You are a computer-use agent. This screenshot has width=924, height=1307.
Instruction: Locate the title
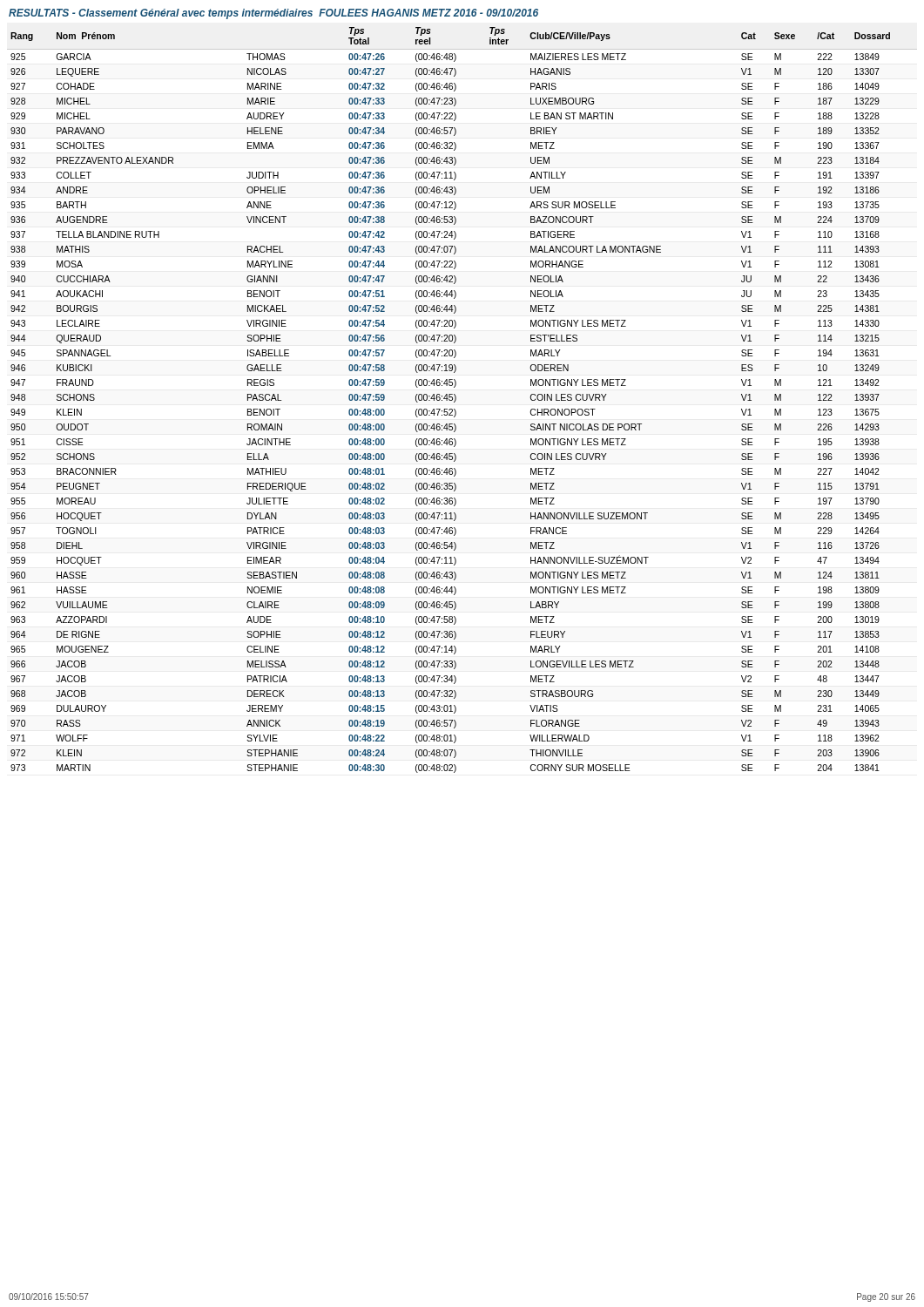click(274, 13)

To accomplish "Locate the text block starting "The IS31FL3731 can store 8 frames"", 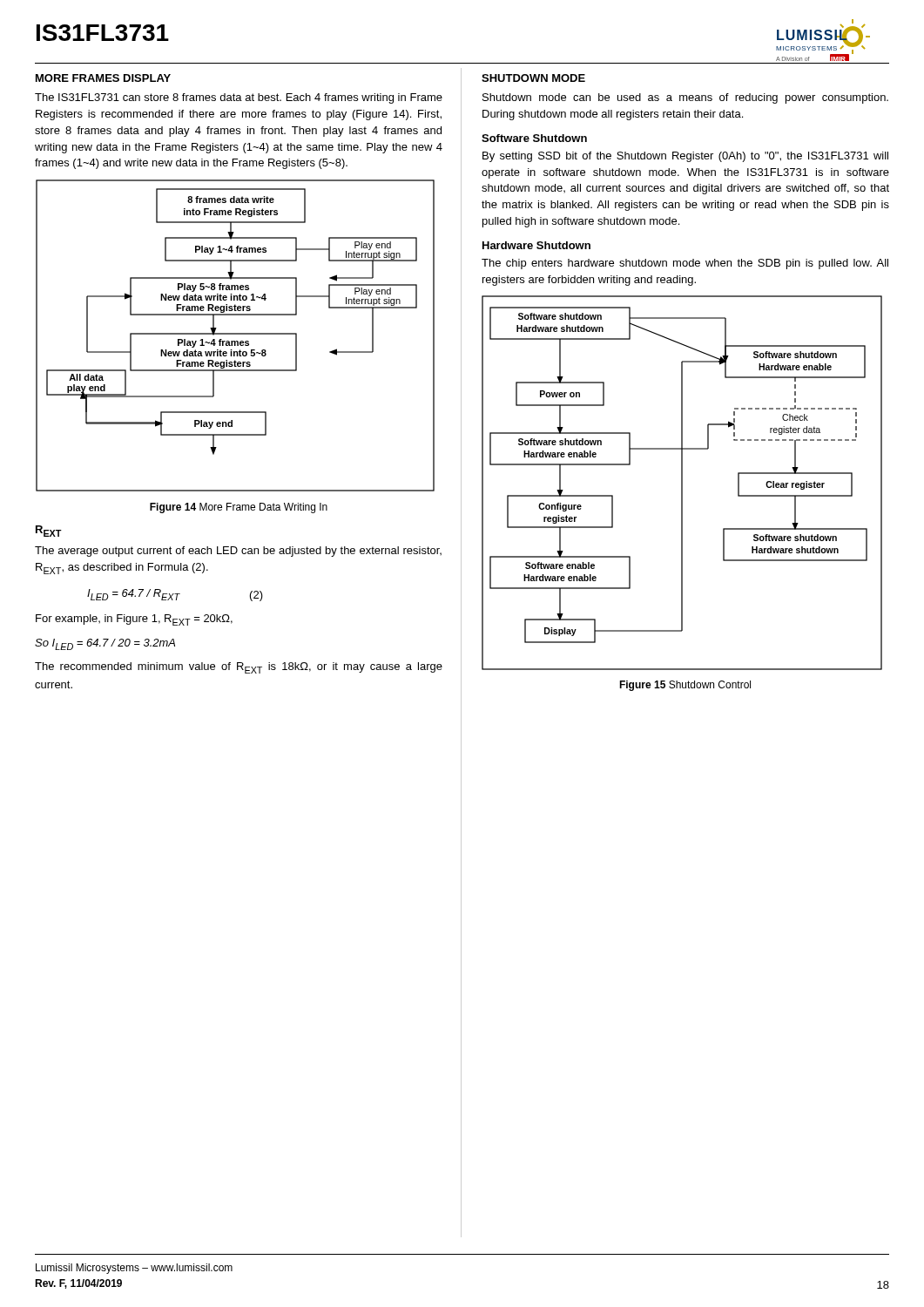I will click(239, 131).
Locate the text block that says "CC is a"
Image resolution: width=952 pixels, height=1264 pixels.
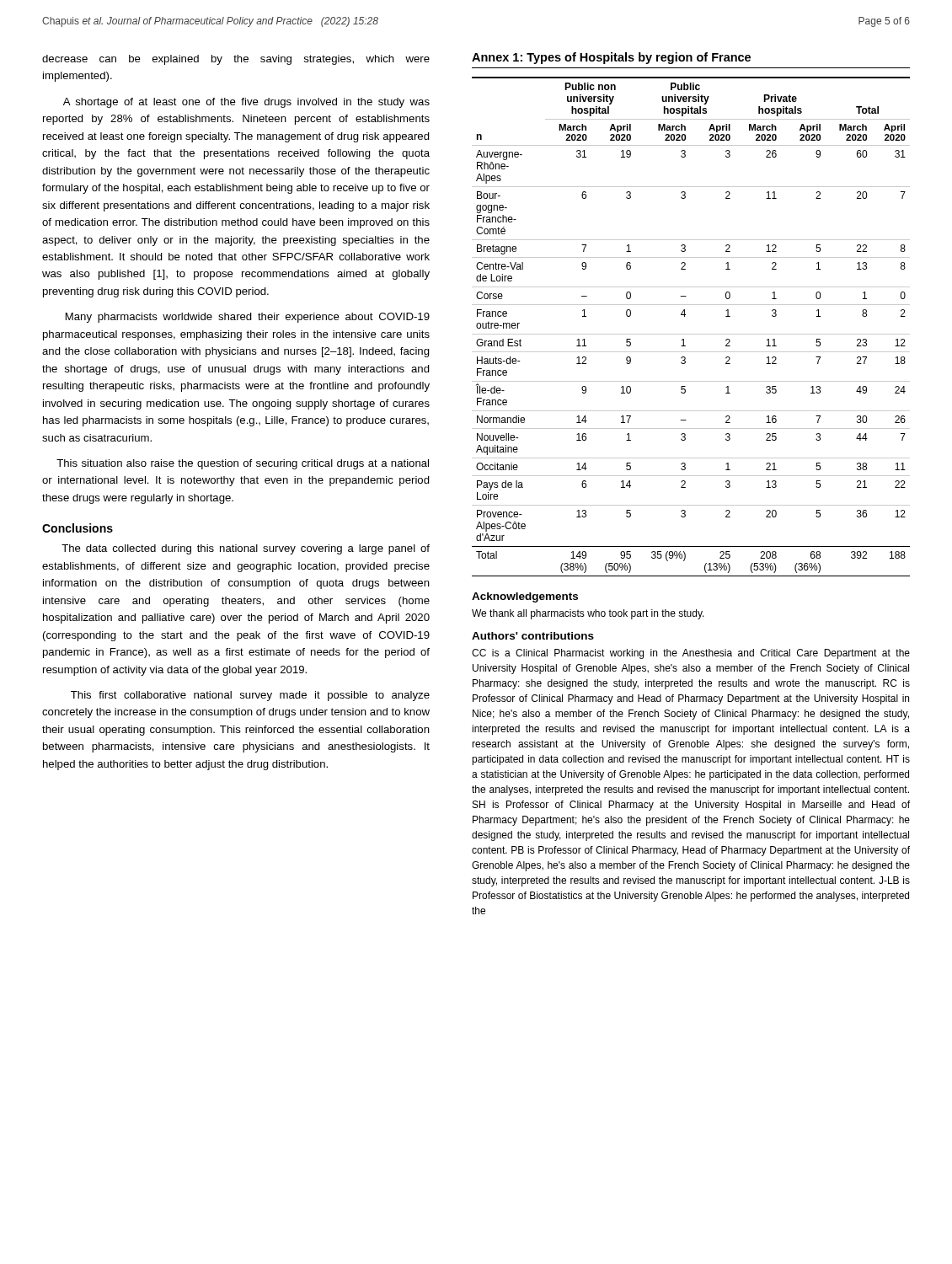pyautogui.click(x=691, y=782)

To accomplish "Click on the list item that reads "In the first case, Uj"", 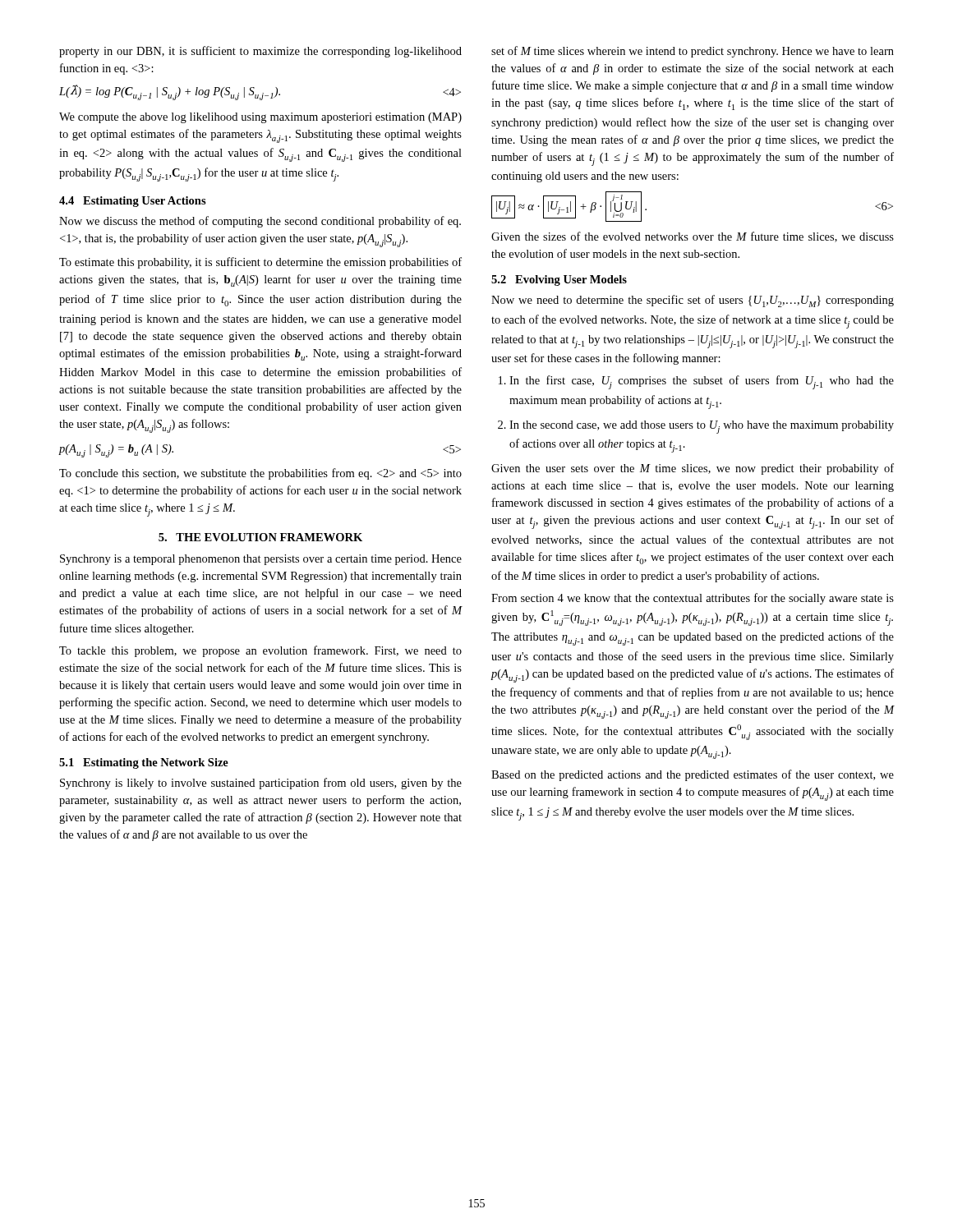I will point(693,414).
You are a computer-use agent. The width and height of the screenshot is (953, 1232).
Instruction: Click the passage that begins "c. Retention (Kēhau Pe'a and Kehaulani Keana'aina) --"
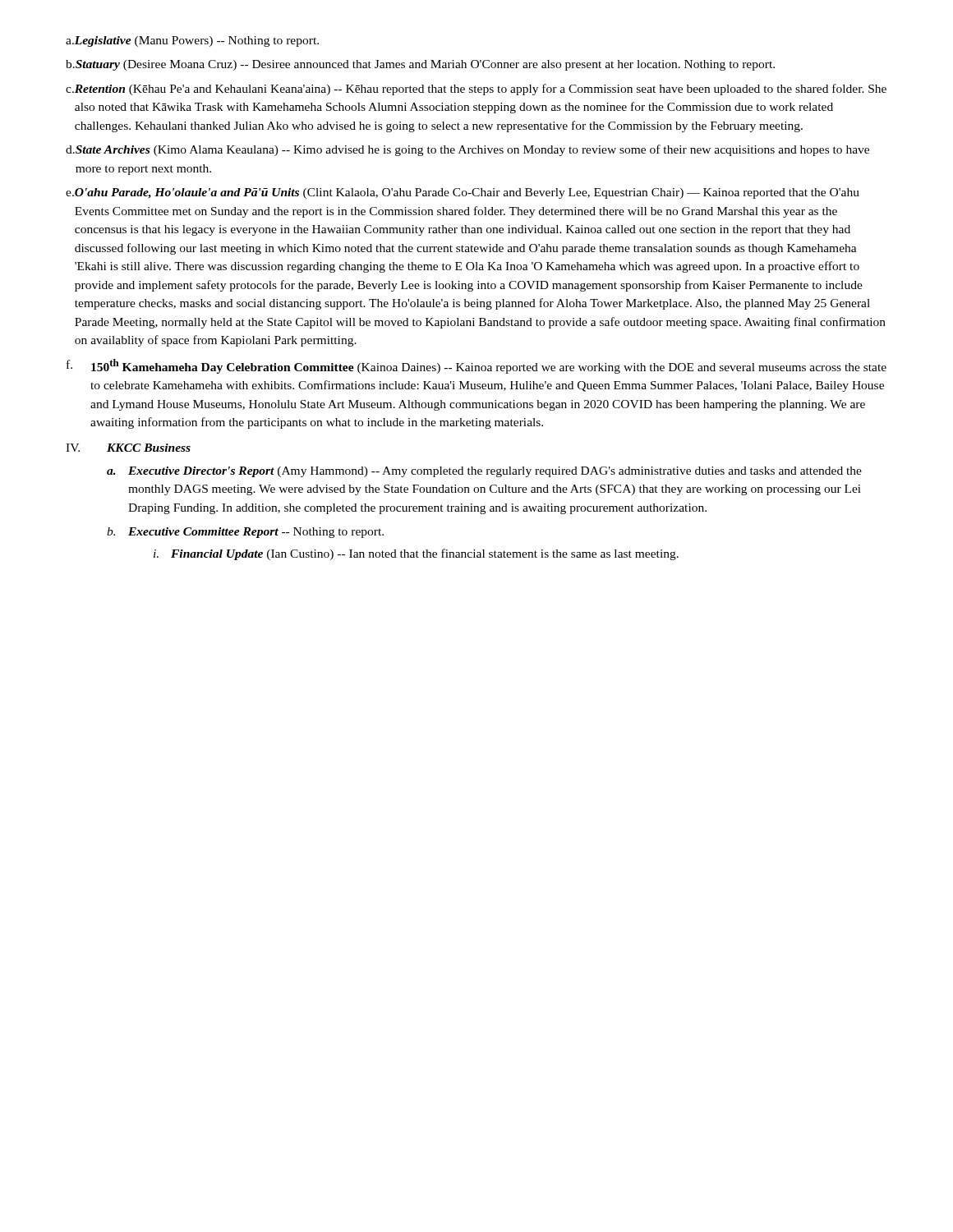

+---+

**TASK BRIEF**
Return each line of the data that contains the string "screenshot".

**OUTPUT BELOW**
You are a computer-use agent. This screenshot has width=924, height=1307.
You are a computer-use agent. The width and height of the screenshot is (953, 1232).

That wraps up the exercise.